Heat Stress Index
By Climate Central
The hazy, hot, and humid days of summer have arrived for much of the country. The extreme heat and high humidity not only affect our comfort, but they are also a threat to human health — leading to heat stroke, heat exhaustion and death. In fact, the CDC reported over 7,800 heat-related deaths in the U.S. between 1999 and 2009. As heat-trapping greenhouse gases increase in the atmosphere from burning fossil fuels, extreme heat, and thus heat stress, will become more common.
Since the Heat Index is not defined for temperatures below 80°F and relative humidity below 40 percent, this analysis displays changes in Heat Stress Index. The Heat Stress Index is similar to the Heat Index, but the Heat Stress Index uses an apparent temperature calculation (temperature and vapor pressure). This graphic specifically looks at how the summer average maximum apparent temperatures have changed. In most U.S. cities, the average apparent temperature, or how it feels during the summers, has increased.

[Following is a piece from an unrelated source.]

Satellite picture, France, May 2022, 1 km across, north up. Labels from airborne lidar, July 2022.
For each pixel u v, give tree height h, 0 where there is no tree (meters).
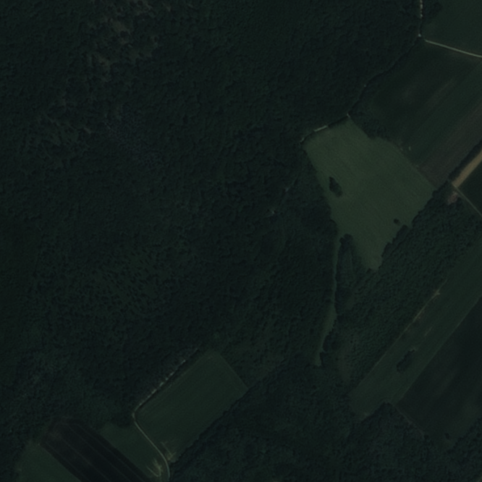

Furthermore, according to the National Centers for Environmental Information, the number of days with dangerous apparent temperatures, those exceeding the location's top 15 percent, is also increasing in many cities. That top 15 percent threshold is positively correlated with extreme weather mortality statistics, suggesting that U.S. cities are reaching dangerous temperature levels more often.
If emissions trends continue unabated, the IPCC projects up to a 4.8°F increase average global temperature by the end of the 21st century. Furthermore, researchers predict that extremely high temperatures now observed once in 20 years may occur every 2 to 4 years. Similarly, global humidity is expected to increase alongside temperatures. For each degree increase in temperature, we can expect the atmosphere to hold 4 percent more water vapor, contributing to the rising apparent temperatures and overall heat stress.